En Afrique de l’Est, l’invasion acridienne menace la sécurité alimentaire

criquets

Par Anass BELHAJ

La région d’Afrique de l’Est est sous l’emprise d’une nouvelle invasion de criquets pèlerins, ces insectes ravageurs qui ne pèsent que quelques grammes mais s’abattent sur tout ce qui est vert. Depuis leur arrivée en masse dans la région fin 2019, ces essaims ont déjà envahi le Kenya, l’Éthiopie, l’Érythrée, Djibouti, la Somalie, l’Ouganda, le Soudan et la Tanzanie.

Redoutés depuis des siècles, ces « affamés volants » aggravent le problème de sécurité alimentaire dans l’une des régions les plus pauvres et les plus vulnérables du monde, ravageant aussi bien l’herbe des savanes pâturées par le bétail que les plantes cultivées pour l’Homme comme le sorgho, les céréales et le maïs.

Malgré un déclin antérieur, les pluies abondantes des dernières semaines risquent d’entraîner « une reproduction avec des éclosions et la formation de bandes larvaires supplémentaires dans l’est de l’Ethiopie et le nord de la Somalie », a averti l’Organisation des Nations unies pour l’alimentation et l’agriculture (FAO) dans son dernier rapport publié vendredi.

Les conditions climatiques sont malheureusement idéales pour la multiplication des criquets ravageurs qui, depuis leur arrivée dans la région en 2019 en provenance du Yémen, ont eu le temps de pondre des œufs pour la reproduction d’une nouvelle génération qui pourrait être plus grande et plus vorace que la précédente.

La FAO qualifie le criquet pèlerin de « ravageur migrateur le plus destructeur au monde » et caractérise le phénomène actuel de « recrudescence », correspondant à un impact à l’échelle d’une région. L’Organisation onusienne prévoit des éclosions et la formation de bandes dans l’est de l’Ethiopie et le nord de la Somalie, avec des envols et la formation d’essaims à partir de fin juin.

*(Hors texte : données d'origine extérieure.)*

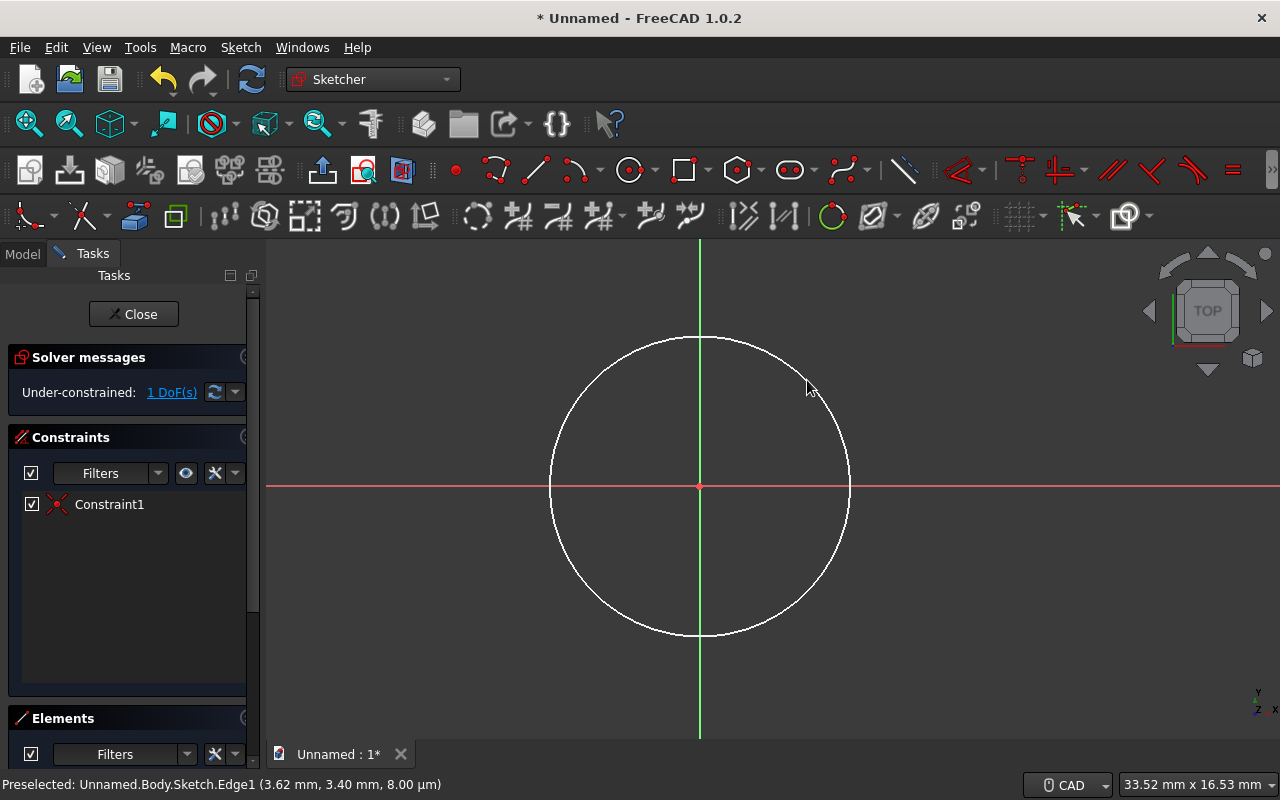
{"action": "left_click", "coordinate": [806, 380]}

« Une reproduction locale serait également possible au Kenya, de même qu’une reproduction à petite échelle dans les zones de reproduction estivale du Soudan et de l’ouest de l’Erythrée dès le début des pluies saisonnières », a indiqué le rapport de la FAO, notant que la nouvelle génération d’essaims immatures devrait en outre se déplacer vers la région d’Afar dans le nord-est de l’Ethiopie pour la reproduction estivale en août et septembre.

Pour contrer cette nouvelle menace acridienne, la FAO préconise le renforcement de la lutte à travers des opérations aériennes de pulvérisation, insistant sur la nécessité de mettre en place des équipes de surveillance et de contrôle au sol pour la détection et la réduction des infestations de bandes larvaires avant qu’elles ne prennent leur envol et ne forment une nouvelle génération d’essaims immatures à partir de fin juin.

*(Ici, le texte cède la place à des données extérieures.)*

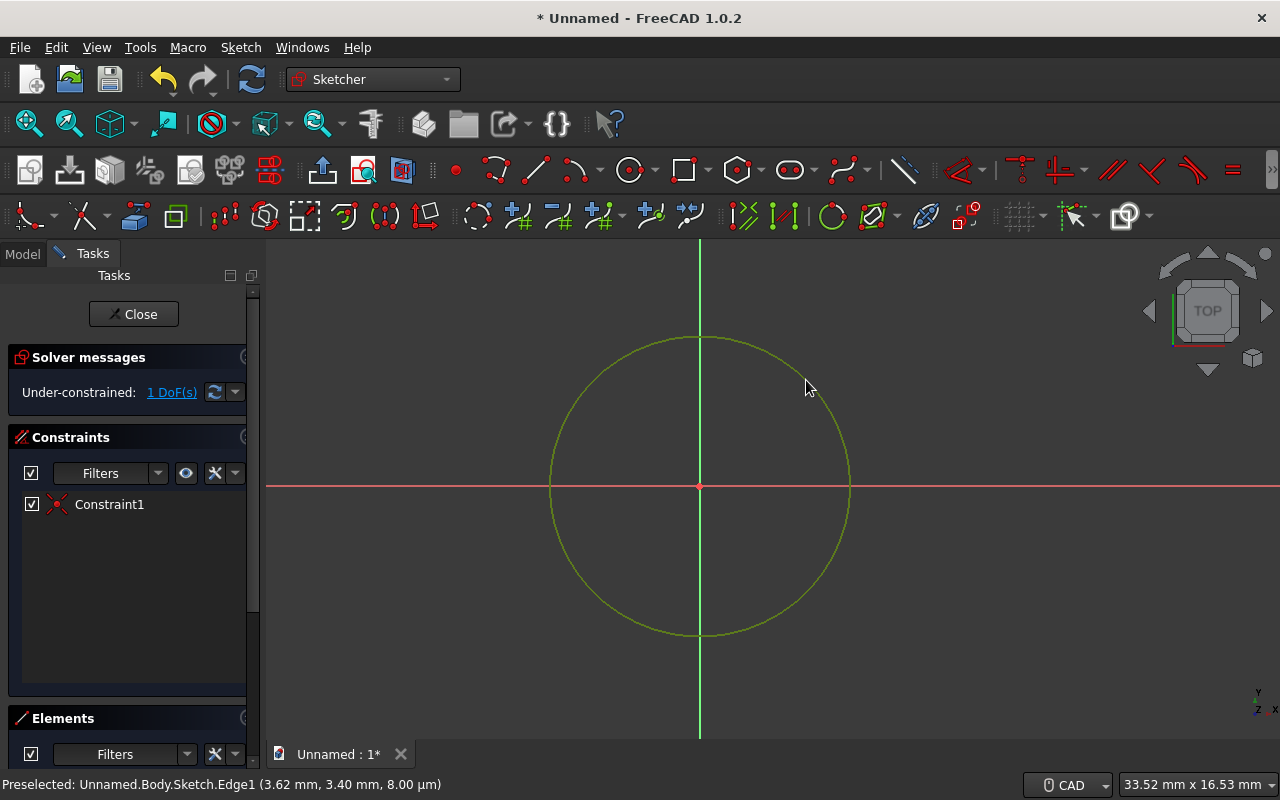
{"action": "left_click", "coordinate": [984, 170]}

Dans la région d’Afrique de l’Est, les invasions acridiennes impactent considérablement les moyens de subsistance et pèsent sur la sécurité alimentaire et nutritionnelle de plus de 10 millions de personnes. Elles y aggravent la pauvreté et la vulnérabilité des ménages vivant déjà dans des conditions précaires.

En phase grégaire, un petit essaim de criquets pèlerins consomme en une journée une quantité de nourriture équivalente à celle de 35.000 personnes. À terme, l’invasion acridienne risque de provoquer un exode rural, un appauvrissement des ménages et la réduction de la main-d’œuvre agricole.

Cette nouvelle crise environnementale a considérablement augmenté la pression sur une région qui était déjà soumise à des aléas climatiques extrêmes, notamment la sécheresse et les inondations.

D’après les observateurs, une riposte rapide et efficace devient de plus en plus urgente pour éviter qu’à la crise sanitaire du Covid-19 s’ajoute une dramatique crise alimentaire dans la région.